The human eye has a range of 120°, mostly peripheral vision, compared to the camera’s typical 200° or more. That is why the figures sometimes seem distorted at the edges of a photograph. We make up for this seeming deficit by moving our focus (in movements called “saccades”) around a scene to build up a gestalt awareness of its appearance.
A painting, curated by human intelligence, is superior in every respect to a photograph, except for how long it takes to make it. If cameras took three hours to create the exact same image as they do now in a split second, there would be no question as to which medium people would choose when they needed an image recorded.

Frank

October 26, 2014

I buy a Spare Change News from Frank almost every week. He was standing in front of my office last Saturday when I came out and eagerly agreed to pose.
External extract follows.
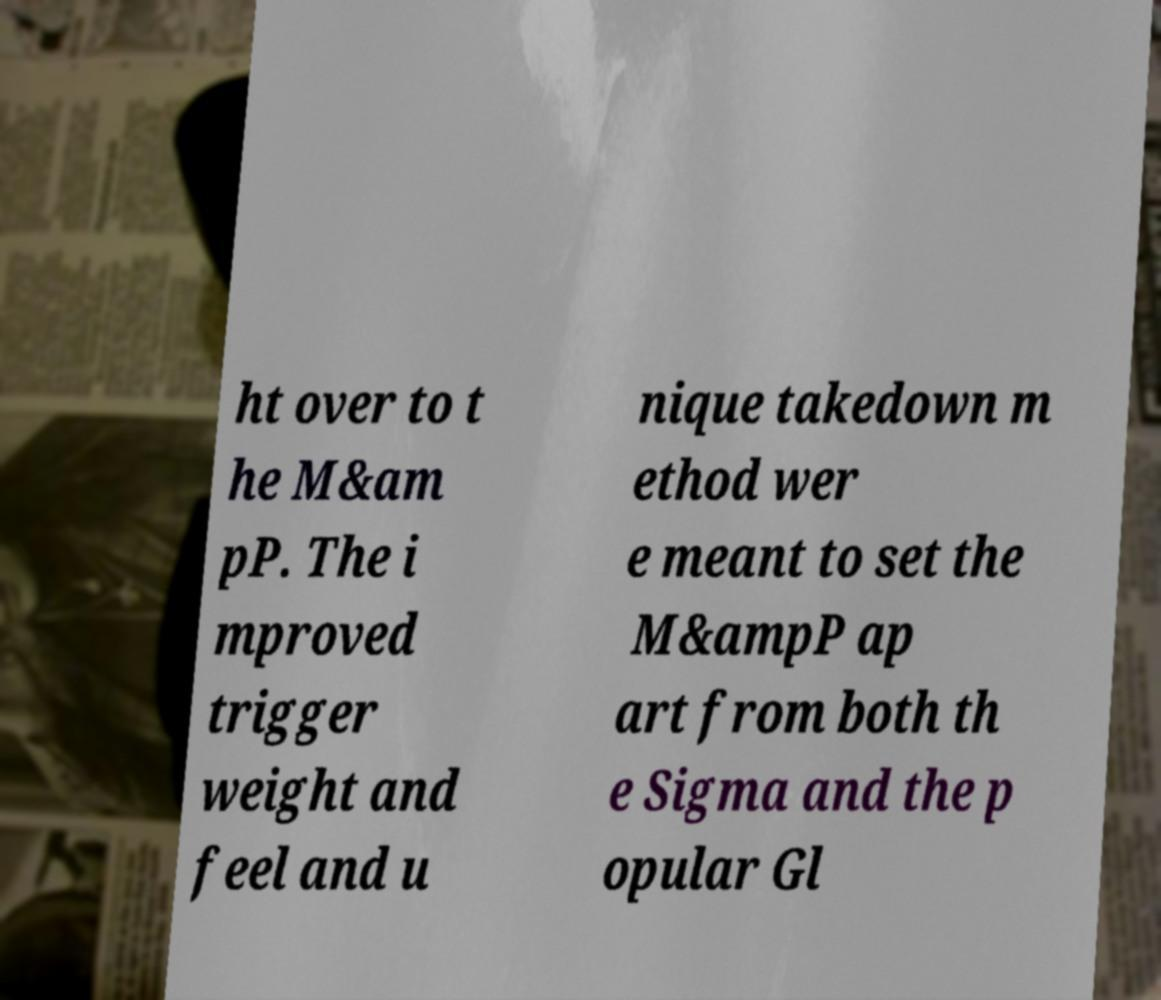Can you accurately transcribe the text from the provided image for me? ht over to t he M&am pP. The i mproved trigger weight and feel and u nique takedown m ethod wer e meant to set the M&ampP ap art from both th e Sigma and the p opular Gl

Frank is 63. He told me he had been an artist himself but nearly tore his thumb off when he punched a wall in a fit of rage and he could no longer draw. His brother, he told me, is a well known artist, and indeed he is–a successful comic book penciller when I looked up his name on-line.
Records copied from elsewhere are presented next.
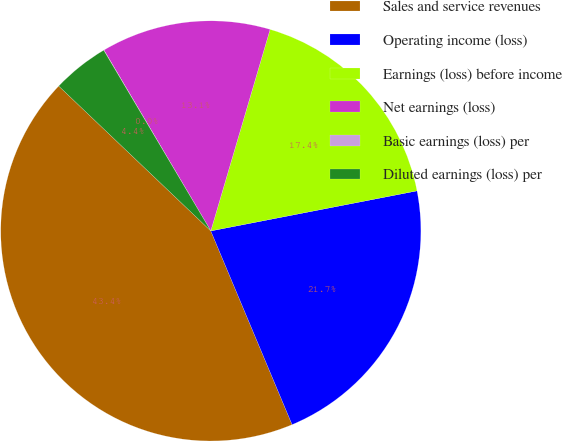Convert chart. <chart><loc_0><loc_0><loc_500><loc_500><pie_chart><fcel>Sales and service revenues<fcel>Operating income (loss)<fcel>Earnings (loss) before income<fcel>Net earnings (loss)<fcel>Basic earnings (loss) per<fcel>Diluted earnings (loss) per<nl><fcel>43.44%<fcel>21.73%<fcel>17.39%<fcel>13.05%<fcel>0.02%<fcel>4.37%<nl></chart> 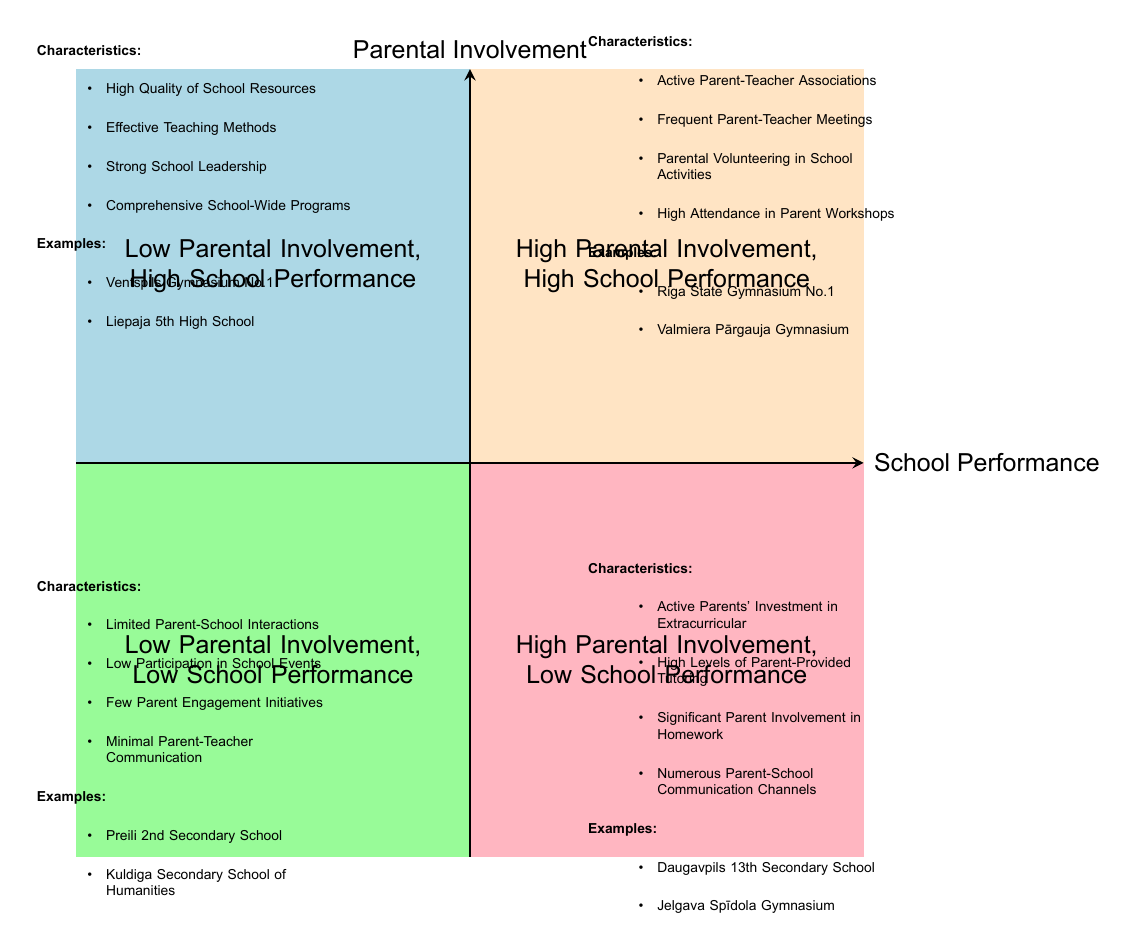What is in the top-left quadrant? The top-left quadrant represents "Low Parental Involvement, High School Performance," which is clearly labeled on the diagram.
Answer: Low Parental Involvement, High School Performance How many examples are listed in the "High Parental Involvement, Low School Performance" quadrant? The "High Parental Involvement, Low School Performance" quadrant lists two examples: Daugavpils 13th Secondary School and Jelgava Spīdola Gymnasium. There are a total of two examples noted.
Answer: 2 What are the characteristics of the "Low Parental Involvement, Low School Performance" quadrant? This quadrant has four characteristics: Limited Parent-School Interactions, Low Participation in School Events, Few Parent Engagement Initiatives, and Minimal Parent-Teacher Communication, all of which are outlined in the diagram.
Answer: Limited Parent-School Interactions, Low Participation in School Events, Few Parent Engagement Initiatives, Minimal Parent-Teacher Communication Which quadrant has "Active Parents' Investment in Extracurricular" as a characteristic? This characteristic is listed in the "High Parental Involvement, Low School Performance" quadrant, which is indicated on the diagram.
Answer: High Parental Involvement, Low School Performance What is the relationship between "High Parental Involvement" and "High School Performance"? The diagram shows that the relationship is positive, indicating that when parental involvement is high, school performance tends to be high as well, represented in the top-right quadrant.
Answer: Positive relationship Which quadrant contains a school with a name starting with "V"? The "Low Parental Involvement, High School Performance" quadrant lists Ventspils Gymnasium No.1 as an example school, which satisfies the question's condition.
Answer: Low Parental Involvement, High School Performance In how many quadrants is Riga State Gymnasium No.1 mentioned? Riga State Gymnasium No.1 is mentioned in the "High Parental Involvement, High School Performance" quadrant, indicating it appears in just one quadrant.
Answer: 1 What defines a "High Quality of School Resources" in the context of this diagram? This characteristic is part of the "Low Parental Involvement, High School Performance" quadrant, indicating that high-quality resources contribute to excellent school performance despite low parental involvement.
Answer: Low Parental Involvement, High School Performance 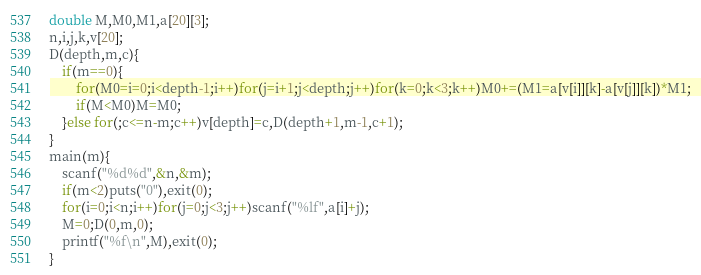<code> <loc_0><loc_0><loc_500><loc_500><_C_>double M,M0,M1,a[20][3];
n,i,j,k,v[20];
D(depth,m,c){
	if(m==0){
		for(M0=i=0;i<depth-1;i++)for(j=i+1;j<depth;j++)for(k=0;k<3;k++)M0+=(M1=a[v[i]][k]-a[v[j]][k])*M1;
		if(M<M0)M=M0;
	}else for(;c<=n-m;c++)v[depth]=c,D(depth+1,m-1,c+1);
}
main(m){
	scanf("%d%d",&n,&m);
	if(m<2)puts("0"),exit(0);
	for(i=0;i<n;i++)for(j=0;j<3;j++)scanf("%lf",a[i]+j);
	M=0;D(0,m,0);
	printf("%f\n",M),exit(0);
}</code> 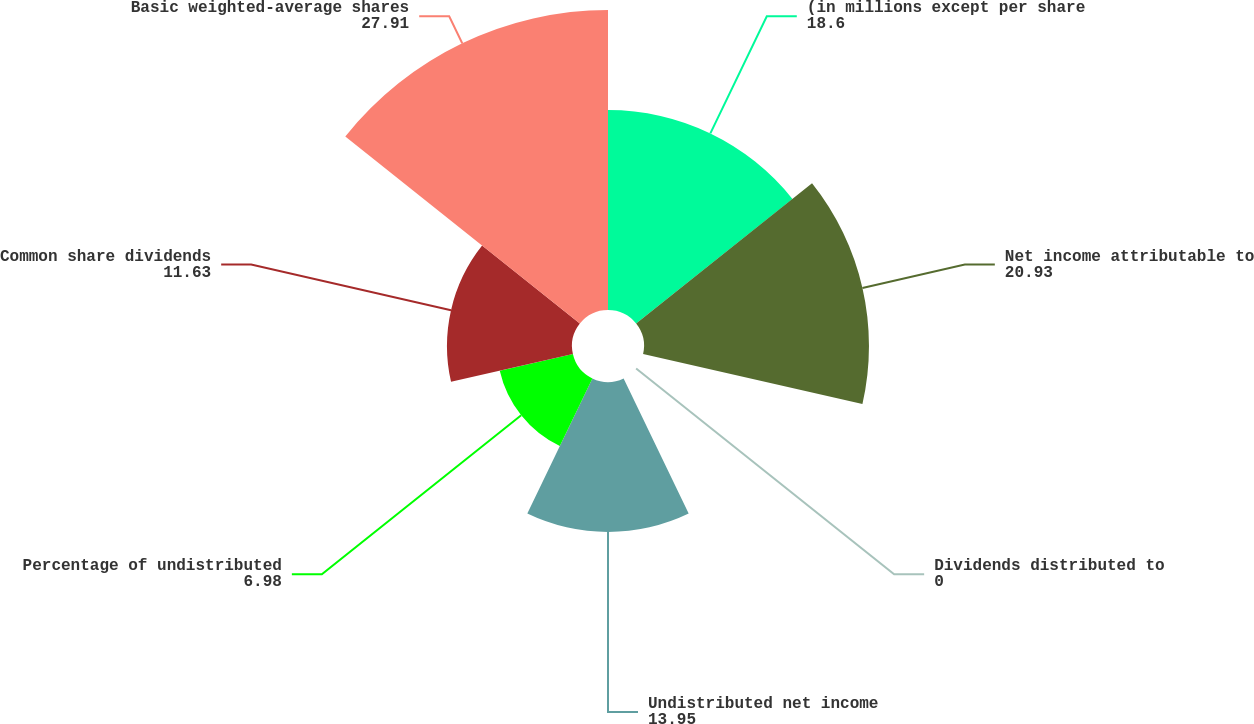<chart> <loc_0><loc_0><loc_500><loc_500><pie_chart><fcel>(in millions except per share<fcel>Net income attributable to<fcel>Dividends distributed to<fcel>Undistributed net income<fcel>Percentage of undistributed<fcel>Common share dividends<fcel>Basic weighted-average shares<nl><fcel>18.6%<fcel>20.93%<fcel>0.0%<fcel>13.95%<fcel>6.98%<fcel>11.63%<fcel>27.91%<nl></chart>

Frank was in Viet Nam and spent several years as a POW. We discussed his career options–he had been offered a job handing out the free Metro newspaper, but preferred “making my own hours” as the much-less-lucrative Spare Change vendor. “Plus they check up on you. The manager comes around and makes sure you haven’t just ditched your papers.” Like John, he was intensely interested in and (from what I could see) unwelcomely forthcoming with his compliments for passing women. Frank didn’t like his portrait.